WHAT YOU ARE ASKED TO DO - Without reproducing any picture, copy the records word for word.

TASK INPUT -
************
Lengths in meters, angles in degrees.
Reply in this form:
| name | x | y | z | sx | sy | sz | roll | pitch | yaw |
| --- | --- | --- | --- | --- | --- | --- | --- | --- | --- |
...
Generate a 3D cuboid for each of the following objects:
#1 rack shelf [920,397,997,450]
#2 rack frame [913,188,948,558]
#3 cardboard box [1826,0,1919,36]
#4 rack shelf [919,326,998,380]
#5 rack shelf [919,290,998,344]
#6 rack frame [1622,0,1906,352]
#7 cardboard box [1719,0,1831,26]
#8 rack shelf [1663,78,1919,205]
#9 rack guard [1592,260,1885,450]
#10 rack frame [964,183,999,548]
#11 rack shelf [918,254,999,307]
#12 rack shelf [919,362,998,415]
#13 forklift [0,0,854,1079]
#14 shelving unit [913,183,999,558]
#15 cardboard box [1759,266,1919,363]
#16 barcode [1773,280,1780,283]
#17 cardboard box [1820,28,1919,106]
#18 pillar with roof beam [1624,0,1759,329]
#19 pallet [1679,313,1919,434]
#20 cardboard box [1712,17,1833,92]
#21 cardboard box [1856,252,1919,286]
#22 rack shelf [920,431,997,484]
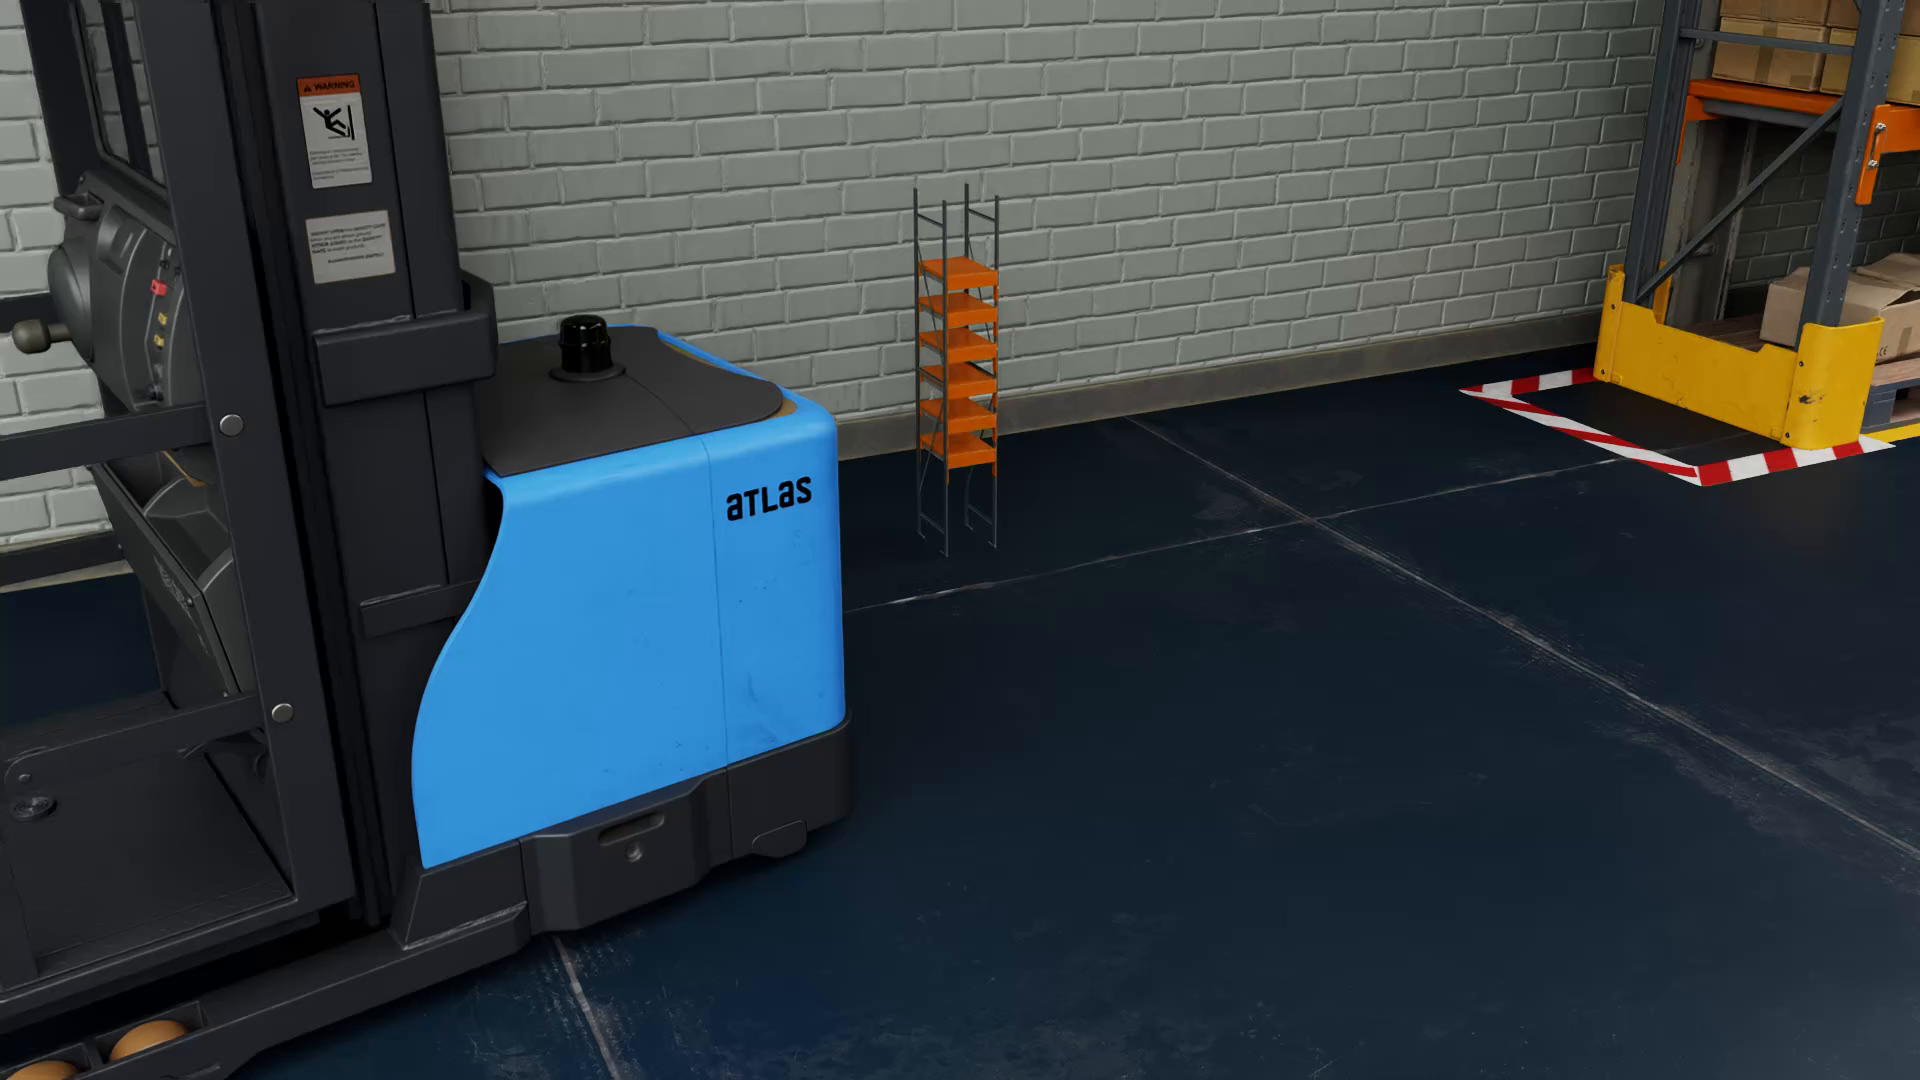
************
WRITTEN RESPONSE -
Lengths in meters, angles in degrees.
Reply in this form:
| name | x | y | z | sx | sy | sz | roll | pitch | yaw |
| --- | --- | --- | --- | --- | --- | --- | --- | --- | --- |
...
Generate a 3D cuboid for each of the following objects:
#1 rack shelf [920,397,997,450]
#2 rack frame [913,188,948,558]
#3 cardboard box [1826,0,1919,36]
#4 rack shelf [919,326,998,380]
#5 rack shelf [919,290,998,344]
#6 rack frame [1622,0,1906,352]
#7 cardboard box [1719,0,1831,26]
#8 rack shelf [1663,78,1919,205]
#9 rack guard [1592,260,1885,450]
#10 rack frame [964,183,999,548]
#11 rack shelf [918,254,999,307]
#12 rack shelf [919,362,998,415]
#13 forklift [0,0,854,1079]
#14 shelving unit [913,183,999,558]
#15 cardboard box [1759,266,1919,363]
#16 barcode [1773,280,1780,283]
#17 cardboard box [1820,28,1919,106]
#18 pillar with roof beam [1624,0,1759,329]
#19 pallet [1679,313,1919,434]
#20 cardboard box [1712,17,1833,92]
#21 cardboard box [1856,252,1919,286]
#22 rack shelf [920,431,997,484]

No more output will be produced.